**THE RECORDS**
==================================================

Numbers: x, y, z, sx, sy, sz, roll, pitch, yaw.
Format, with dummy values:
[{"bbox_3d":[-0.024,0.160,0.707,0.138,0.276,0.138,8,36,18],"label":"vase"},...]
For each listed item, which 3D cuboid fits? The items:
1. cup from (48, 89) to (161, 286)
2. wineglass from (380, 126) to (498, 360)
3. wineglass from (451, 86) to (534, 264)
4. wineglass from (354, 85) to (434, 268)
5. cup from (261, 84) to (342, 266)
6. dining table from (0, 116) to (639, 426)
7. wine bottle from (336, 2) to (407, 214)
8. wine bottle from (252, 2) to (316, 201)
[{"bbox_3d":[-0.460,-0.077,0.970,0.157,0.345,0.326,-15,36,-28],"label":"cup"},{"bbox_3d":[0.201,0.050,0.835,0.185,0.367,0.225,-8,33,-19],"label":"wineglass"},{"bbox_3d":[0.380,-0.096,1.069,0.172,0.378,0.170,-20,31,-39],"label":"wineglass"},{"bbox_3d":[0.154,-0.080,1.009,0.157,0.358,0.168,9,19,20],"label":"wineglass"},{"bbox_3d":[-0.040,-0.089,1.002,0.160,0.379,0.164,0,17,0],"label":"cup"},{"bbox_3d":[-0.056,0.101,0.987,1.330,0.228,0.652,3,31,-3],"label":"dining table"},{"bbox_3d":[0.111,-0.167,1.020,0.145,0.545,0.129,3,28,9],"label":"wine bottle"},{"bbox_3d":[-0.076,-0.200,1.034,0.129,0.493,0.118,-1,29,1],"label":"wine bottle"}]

==================================================

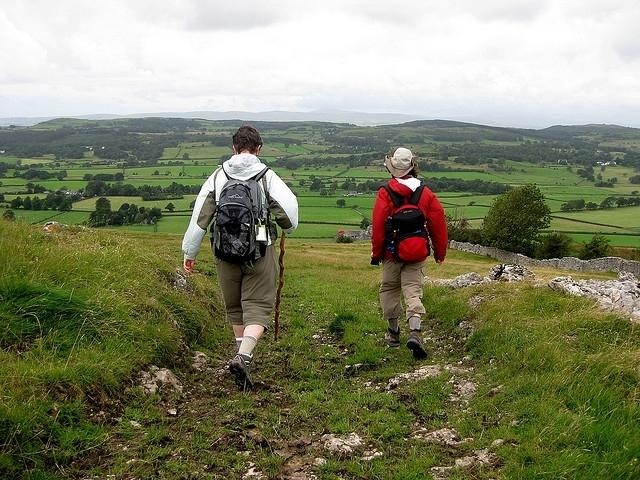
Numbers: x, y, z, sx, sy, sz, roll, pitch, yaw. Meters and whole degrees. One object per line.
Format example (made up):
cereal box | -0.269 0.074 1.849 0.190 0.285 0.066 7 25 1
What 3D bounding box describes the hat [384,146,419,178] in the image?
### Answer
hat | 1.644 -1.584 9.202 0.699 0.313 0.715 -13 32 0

==================================================

**WHAT THE EXERCISE ASKS**
Return every line in the listing that contains the word "roll".

**SOLUTION BELOW**
Numbers: x, y, z, sx, sy, sz, roll, pitch, yaw.
Numbers: x, y, z, sx, sy, sz, roll, pitch, yaw. Meters and whole degrees. One object per line.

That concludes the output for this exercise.